YOUR ASSIGNMENT
In your copy, include no images and return each entry exactly as written.

━━ SOURCE INFORMATION

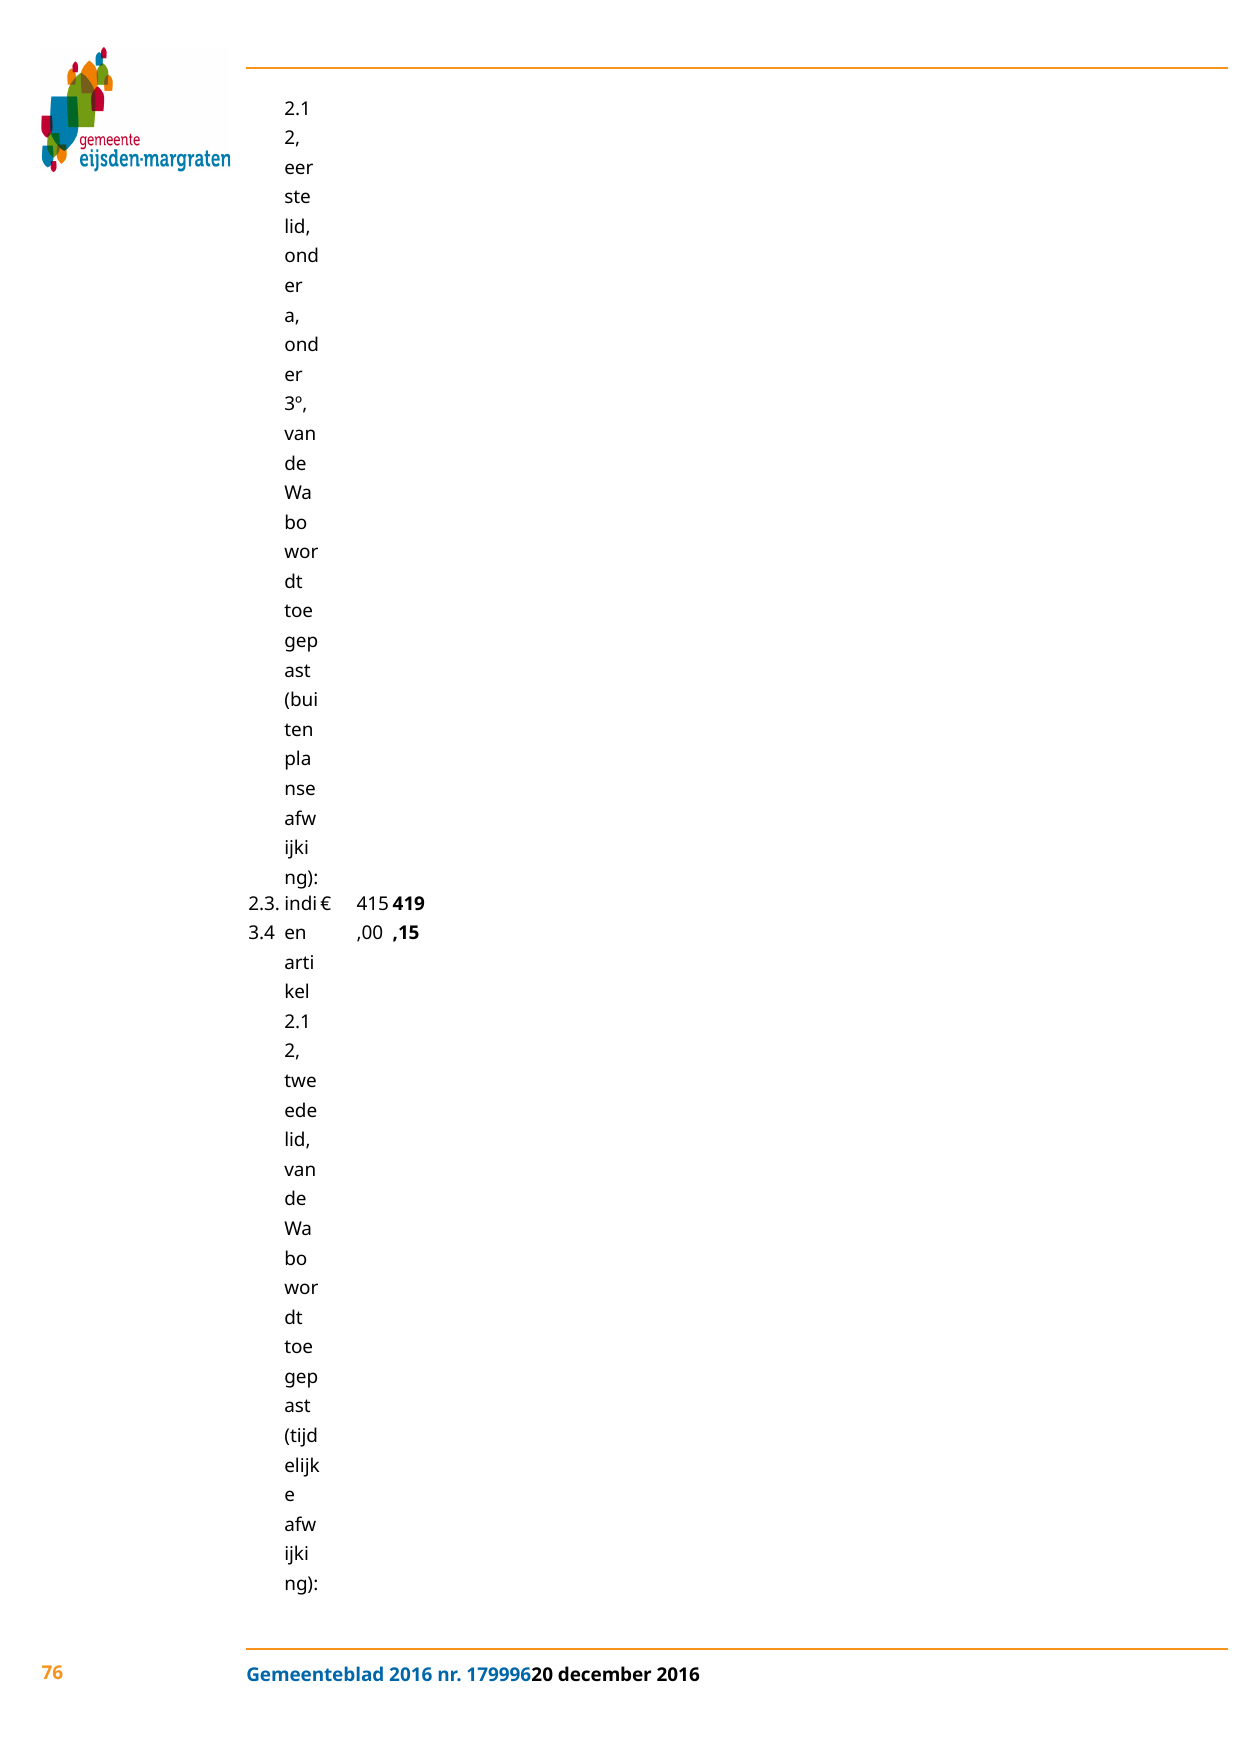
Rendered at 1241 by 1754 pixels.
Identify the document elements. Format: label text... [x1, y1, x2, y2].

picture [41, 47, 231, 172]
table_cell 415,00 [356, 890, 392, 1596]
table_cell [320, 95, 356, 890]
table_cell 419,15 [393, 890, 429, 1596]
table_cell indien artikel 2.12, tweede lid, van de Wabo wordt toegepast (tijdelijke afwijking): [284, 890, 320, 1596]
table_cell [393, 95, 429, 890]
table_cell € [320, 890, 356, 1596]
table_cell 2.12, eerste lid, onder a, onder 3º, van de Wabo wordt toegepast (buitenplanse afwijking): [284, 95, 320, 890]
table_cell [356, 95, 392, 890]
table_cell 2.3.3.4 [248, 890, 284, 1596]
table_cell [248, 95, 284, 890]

━━━━

RESPONSE TO THIS TASK
Rendered at 1241 by 1754 pixels.
Identify the document elements. Format: label text... [x1, y1, x2, y2].

picture [41, 47, 231, 172]
table_cell 415,00 [356, 890, 392, 1596]
table_cell [320, 95, 356, 890]
table_cell 419,15 [393, 890, 429, 1596]
table_cell indien artikel 2.12, tweede lid, van de Wabo wordt toegepast (tijdelijke afwijking): [284, 890, 320, 1596]
table_cell [393, 95, 429, 890]
table_cell € [320, 890, 356, 1596]
table_cell 2.12, eerste lid, onder a, onder 3º, van de Wabo wordt toegepast (buitenplanse afwijking): [284, 95, 320, 890]
table_cell [356, 95, 392, 890]
table_cell 2.3.3.4 [248, 890, 284, 1596]
table_cell [248, 95, 284, 890]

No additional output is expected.